Here is how I did it in my example:
- A simple site with three pages is created.
- The same iFrame is inserted on each page. This iFrame is just a 1×1 white pixel that is invisible to the user.
- When this iFrame web resource is requested, a random server-side identifier is generated using PHP. I use this identifier to override the ETag identifier for the iFrame, which is usually issued automatically by the server.
- Each time a user requests one of three pages (and therefore requests an iFrame), my ETag ID is included in the request. It then checks on the server side whether this identifier exists or is this the first request without an ETag.
- → If an ETag exists: it means it is a returning visitor. Can be recorded as an identity card.
- → If the ETag does not exist: this is a new visitor. New ID. From now on, this identifier will be included in all the request headers of this user’s device on the site.
- As a final step, here is how this ETag ID gets into analytics:
Finding ETag ID iFrame with Chrome DevTools.
How to prevent tracking with ETag
However, users have several options for protecting against ETag tracking:
- Disable caching in your browser settings.
Care should be taken here – as explained above, caching can be very useful and has many advantages.
- Modify headers headers with a browser add-on.
Although most browsers do not initially provide the ability to modify headers, there are many browser extensions available for this task, such as ModHeader. Why does it work? ETag functionality relies on request and response headers for identifier exchange. For example, if a user overwrites the If-None-Match header so that it is blank for every request, a new ETag value will be generated for every page request. This prevents user device identification.
Why is it important
Why am I checking these things? Why did I write this article? Of course, I do not intend to use this on a large scale. But although ETag can be used by bad people, this example demonstrates an important point: like most other technologies, ETag is not necessarily harmful by default. Depending on what purpose it is used for.
I believe that it is important for everyone to know about the existence of such methods. And that they can be used. There have been quite a few cases where sites have used ETag illegally. Some of these incidents were even settled in court. And it is likely that similar methods will be increasingly used by the frightened advertising industry, which oversees how one of its pillars collapses: coockie.
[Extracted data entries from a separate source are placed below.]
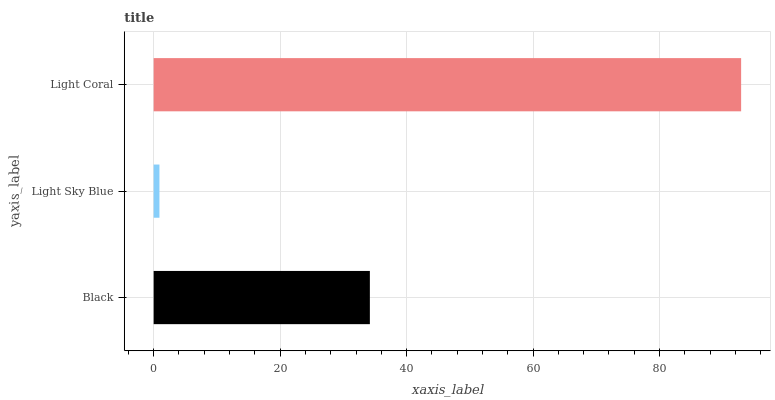Is Light Sky Blue the minimum?
Answer yes or no. Yes. Is Light Coral the maximum?
Answer yes or no. Yes. Is Light Coral the minimum?
Answer yes or no. No. Is Light Sky Blue the maximum?
Answer yes or no. No. Is Light Coral greater than Light Sky Blue?
Answer yes or no. Yes. Is Light Sky Blue less than Light Coral?
Answer yes or no. Yes. Is Light Sky Blue greater than Light Coral?
Answer yes or no. No. Is Light Coral less than Light Sky Blue?
Answer yes or no. No. Is Black the high median?
Answer yes or no. Yes. Is Black the low median?
Answer yes or no. Yes. Is Light Sky Blue the high median?
Answer yes or no. No. Is Light Sky Blue the low median?
Answer yes or no. No. 
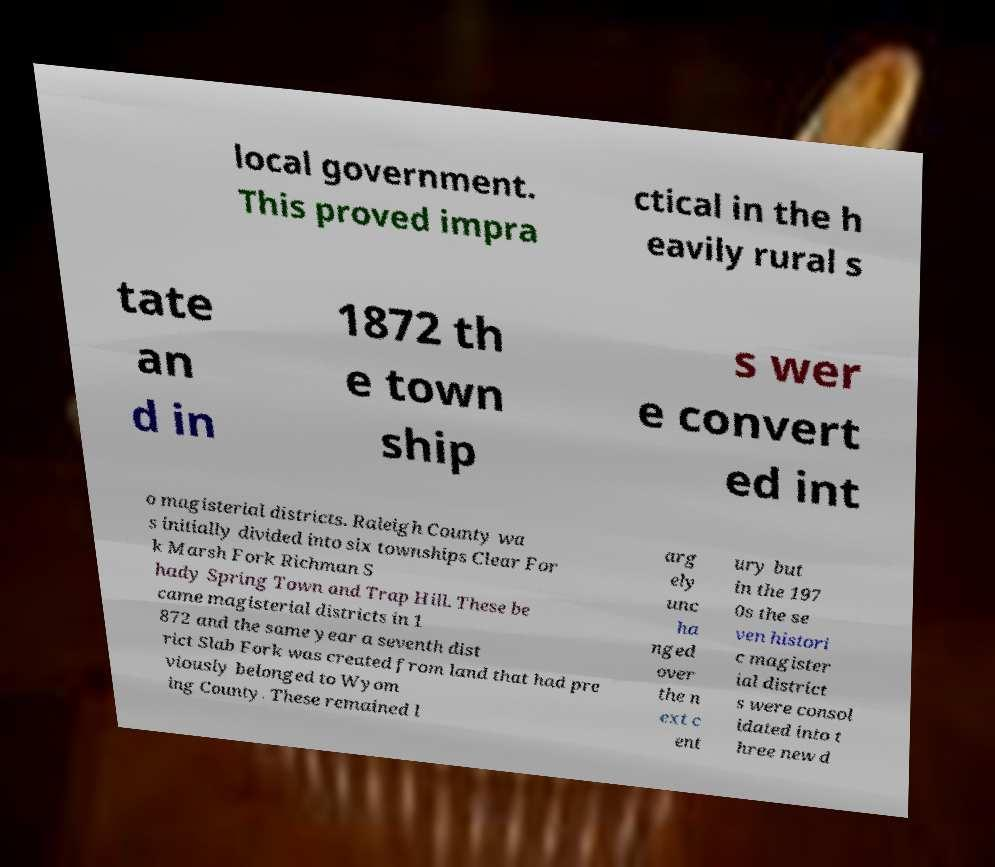Please read and relay the text visible in this image. What does it say? local government. This proved impra ctical in the h eavily rural s tate an d in 1872 th e town ship s wer e convert ed int o magisterial districts. Raleigh County wa s initially divided into six townships Clear For k Marsh Fork Richman S hady Spring Town and Trap Hill. These be came magisterial districts in 1 872 and the same year a seventh dist rict Slab Fork was created from land that had pre viously belonged to Wyom ing County. These remained l arg ely unc ha nged over the n ext c ent ury but in the 197 0s the se ven histori c magister ial district s were consol idated into t hree new d

ETag can generate unique tracking values even if the user blocks HTTP, Flash, and / or HTML5 cookies.
I believe in an open and transparent transfer of knowledge in the industry – among analytics providers, publishers, advertisers and Internet users. IMHO, the lack of openness is one of the main reasons why we were all drawn into this dirty war with cookies: the Internet ecosystem has always suffered from a lack of transparency, technology is developing too fast for legislation to keep pace with them, and people don’t understand the many subtleties of web technologies like cookies. And when technology is used improperly, the user for obvious reasons feels hurt. But technology prohibition turns out to be a classic case of dealing with symptoms, not the cause. The fact that many technology companies abuse technologies such as cookies creates an unfair public attitude towards technology. Which, in turn, leads to disproportionate measures on the part of browser developers and legislation. Although these measures are aimed at ensuring privacy, they also harm good and meaningful innovation.
There are always nuances. I strongly believe in the legitimacy and importance of serious digital analytics – as long as it is carried out with the proper level of confidentiality. What happens after a store legally identifies a visitor? ETag, of course, can be used for different purposes. But one thing is certain: this topic will never become boring.